____ PROVIDED RECORDS

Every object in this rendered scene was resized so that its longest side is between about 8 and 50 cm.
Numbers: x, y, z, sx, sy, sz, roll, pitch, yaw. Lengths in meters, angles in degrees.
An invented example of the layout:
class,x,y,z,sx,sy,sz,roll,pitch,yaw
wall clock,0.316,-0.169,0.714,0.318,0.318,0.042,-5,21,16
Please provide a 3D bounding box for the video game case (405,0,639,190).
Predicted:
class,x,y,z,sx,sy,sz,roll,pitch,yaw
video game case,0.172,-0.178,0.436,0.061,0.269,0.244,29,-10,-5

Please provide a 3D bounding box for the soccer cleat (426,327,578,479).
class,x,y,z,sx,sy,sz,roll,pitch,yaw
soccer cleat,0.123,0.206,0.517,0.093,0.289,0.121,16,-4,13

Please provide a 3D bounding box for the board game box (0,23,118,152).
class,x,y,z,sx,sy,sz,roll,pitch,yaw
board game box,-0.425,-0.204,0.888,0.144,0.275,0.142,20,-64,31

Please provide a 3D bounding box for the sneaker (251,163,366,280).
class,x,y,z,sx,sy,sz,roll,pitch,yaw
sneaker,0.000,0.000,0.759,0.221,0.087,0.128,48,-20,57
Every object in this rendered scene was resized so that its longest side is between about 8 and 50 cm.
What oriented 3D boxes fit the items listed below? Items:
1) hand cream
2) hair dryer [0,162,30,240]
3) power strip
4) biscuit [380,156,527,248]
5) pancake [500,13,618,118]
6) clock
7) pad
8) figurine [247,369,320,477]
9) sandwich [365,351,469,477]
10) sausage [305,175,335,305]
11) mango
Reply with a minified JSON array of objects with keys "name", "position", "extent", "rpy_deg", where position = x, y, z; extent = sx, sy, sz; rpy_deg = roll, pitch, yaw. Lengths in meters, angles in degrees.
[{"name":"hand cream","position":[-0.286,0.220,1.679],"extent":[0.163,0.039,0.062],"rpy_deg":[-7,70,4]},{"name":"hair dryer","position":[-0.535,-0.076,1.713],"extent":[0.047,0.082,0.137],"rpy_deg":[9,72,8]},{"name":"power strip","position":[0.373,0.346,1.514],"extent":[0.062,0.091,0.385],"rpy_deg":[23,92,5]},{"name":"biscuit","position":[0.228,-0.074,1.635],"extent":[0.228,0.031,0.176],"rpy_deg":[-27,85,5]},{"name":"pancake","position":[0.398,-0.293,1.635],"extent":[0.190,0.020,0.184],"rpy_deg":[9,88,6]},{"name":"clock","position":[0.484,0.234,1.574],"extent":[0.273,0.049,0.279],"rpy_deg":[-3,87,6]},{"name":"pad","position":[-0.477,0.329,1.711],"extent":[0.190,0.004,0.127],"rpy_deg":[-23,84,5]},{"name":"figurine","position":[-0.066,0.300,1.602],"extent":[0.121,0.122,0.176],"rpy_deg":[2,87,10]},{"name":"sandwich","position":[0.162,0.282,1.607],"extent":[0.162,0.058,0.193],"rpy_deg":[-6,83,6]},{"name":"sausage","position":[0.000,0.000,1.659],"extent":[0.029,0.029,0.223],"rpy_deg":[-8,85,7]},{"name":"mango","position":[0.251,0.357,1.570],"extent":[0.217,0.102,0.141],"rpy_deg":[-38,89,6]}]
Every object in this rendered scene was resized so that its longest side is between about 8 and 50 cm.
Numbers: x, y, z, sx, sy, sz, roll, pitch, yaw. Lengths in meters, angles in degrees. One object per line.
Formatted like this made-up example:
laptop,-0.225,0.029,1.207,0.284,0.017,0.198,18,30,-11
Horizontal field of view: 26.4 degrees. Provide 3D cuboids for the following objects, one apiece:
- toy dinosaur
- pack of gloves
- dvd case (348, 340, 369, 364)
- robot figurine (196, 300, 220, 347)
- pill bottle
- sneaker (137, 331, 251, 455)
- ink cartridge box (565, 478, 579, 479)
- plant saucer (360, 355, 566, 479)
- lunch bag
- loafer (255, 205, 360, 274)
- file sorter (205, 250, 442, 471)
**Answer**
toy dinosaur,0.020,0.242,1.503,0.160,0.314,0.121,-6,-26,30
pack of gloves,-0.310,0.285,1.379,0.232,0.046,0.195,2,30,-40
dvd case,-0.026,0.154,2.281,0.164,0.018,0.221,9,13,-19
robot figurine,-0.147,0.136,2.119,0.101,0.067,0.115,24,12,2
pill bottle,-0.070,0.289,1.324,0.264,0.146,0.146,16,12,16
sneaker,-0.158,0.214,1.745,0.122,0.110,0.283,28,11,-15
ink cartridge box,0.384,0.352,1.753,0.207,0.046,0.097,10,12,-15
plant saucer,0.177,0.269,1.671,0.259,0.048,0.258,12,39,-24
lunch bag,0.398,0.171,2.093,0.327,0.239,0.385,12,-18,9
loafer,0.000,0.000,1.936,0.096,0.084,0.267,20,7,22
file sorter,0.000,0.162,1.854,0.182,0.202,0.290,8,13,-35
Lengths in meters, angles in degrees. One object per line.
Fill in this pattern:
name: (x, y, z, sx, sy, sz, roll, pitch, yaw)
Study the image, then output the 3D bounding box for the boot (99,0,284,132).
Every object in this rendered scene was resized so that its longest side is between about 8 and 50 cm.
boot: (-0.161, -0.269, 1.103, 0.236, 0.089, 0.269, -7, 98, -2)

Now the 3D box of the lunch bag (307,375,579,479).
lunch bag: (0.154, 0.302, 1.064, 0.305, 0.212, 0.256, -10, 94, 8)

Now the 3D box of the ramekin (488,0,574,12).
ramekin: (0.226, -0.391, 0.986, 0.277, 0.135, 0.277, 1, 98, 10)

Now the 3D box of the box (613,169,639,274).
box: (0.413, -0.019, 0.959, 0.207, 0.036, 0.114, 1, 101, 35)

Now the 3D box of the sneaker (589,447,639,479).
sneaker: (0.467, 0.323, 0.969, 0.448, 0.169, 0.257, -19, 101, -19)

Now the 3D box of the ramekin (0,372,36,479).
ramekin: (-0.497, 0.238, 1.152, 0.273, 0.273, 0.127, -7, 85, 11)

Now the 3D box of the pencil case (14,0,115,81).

________
____ PROVIDED RECORDS

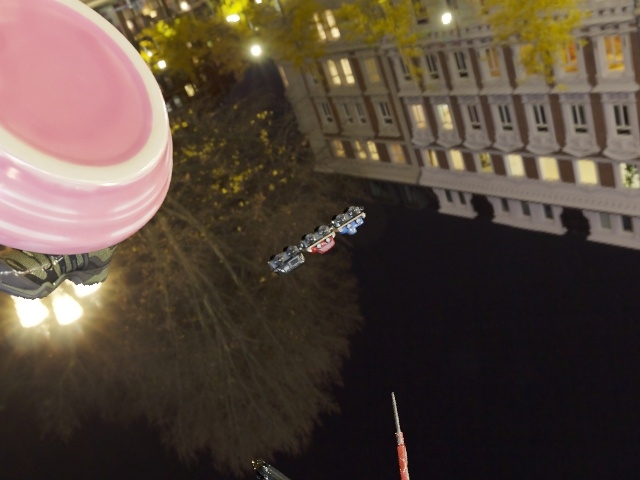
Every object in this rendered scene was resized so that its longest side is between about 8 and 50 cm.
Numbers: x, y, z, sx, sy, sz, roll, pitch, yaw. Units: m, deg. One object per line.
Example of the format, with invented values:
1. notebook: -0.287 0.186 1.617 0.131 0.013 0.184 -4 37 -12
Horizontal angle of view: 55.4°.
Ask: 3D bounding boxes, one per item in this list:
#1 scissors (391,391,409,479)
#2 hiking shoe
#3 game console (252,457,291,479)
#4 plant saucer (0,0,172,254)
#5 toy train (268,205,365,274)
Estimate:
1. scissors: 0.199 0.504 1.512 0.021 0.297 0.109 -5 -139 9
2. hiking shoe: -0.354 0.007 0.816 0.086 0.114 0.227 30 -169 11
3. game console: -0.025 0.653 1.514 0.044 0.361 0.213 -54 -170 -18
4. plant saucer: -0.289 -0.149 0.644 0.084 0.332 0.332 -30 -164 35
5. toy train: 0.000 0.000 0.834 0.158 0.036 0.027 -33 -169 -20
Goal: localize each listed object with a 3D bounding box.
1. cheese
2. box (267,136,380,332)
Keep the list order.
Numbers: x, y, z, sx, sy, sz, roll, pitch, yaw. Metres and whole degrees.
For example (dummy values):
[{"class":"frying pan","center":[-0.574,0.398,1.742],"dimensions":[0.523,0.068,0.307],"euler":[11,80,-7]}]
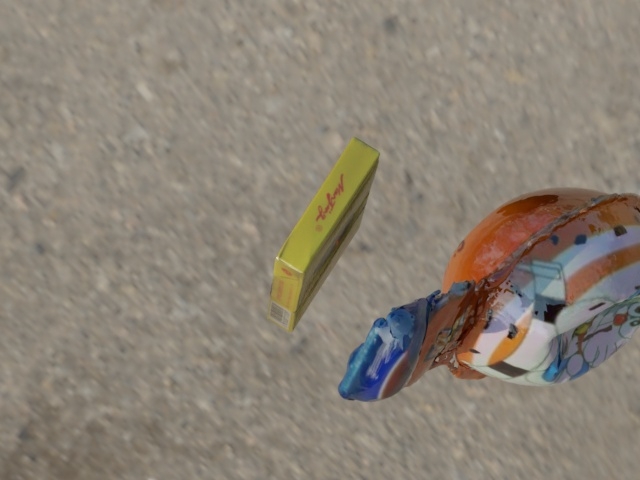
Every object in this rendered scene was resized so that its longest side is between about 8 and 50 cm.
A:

________

* EXERCISE
Above are the entries. Quote exactly the lines from the one bearing "Now the 3D box of the box (613,169,639,274)." through the one bearing "Now the 3D box of the pencil".

* TASK RESPONSE
Now the 3D box of the box (613,169,639,274).
box: (0.413, -0.019, 0.959, 0.207, 0.036, 0.114, 1, 101, 35)

Now the 3D box of the sneaker (589,447,639,479).
sneaker: (0.467, 0.323, 0.969, 0.448, 0.169, 0.257, -19, 101, -19)

Now the 3D box of the ramekin (0,372,36,479).
ramekin: (-0.497, 0.238, 1.152, 0.273, 0.273, 0.127, -7, 85, 11)

Now the 3D box of the pencil case (14,0,115,81).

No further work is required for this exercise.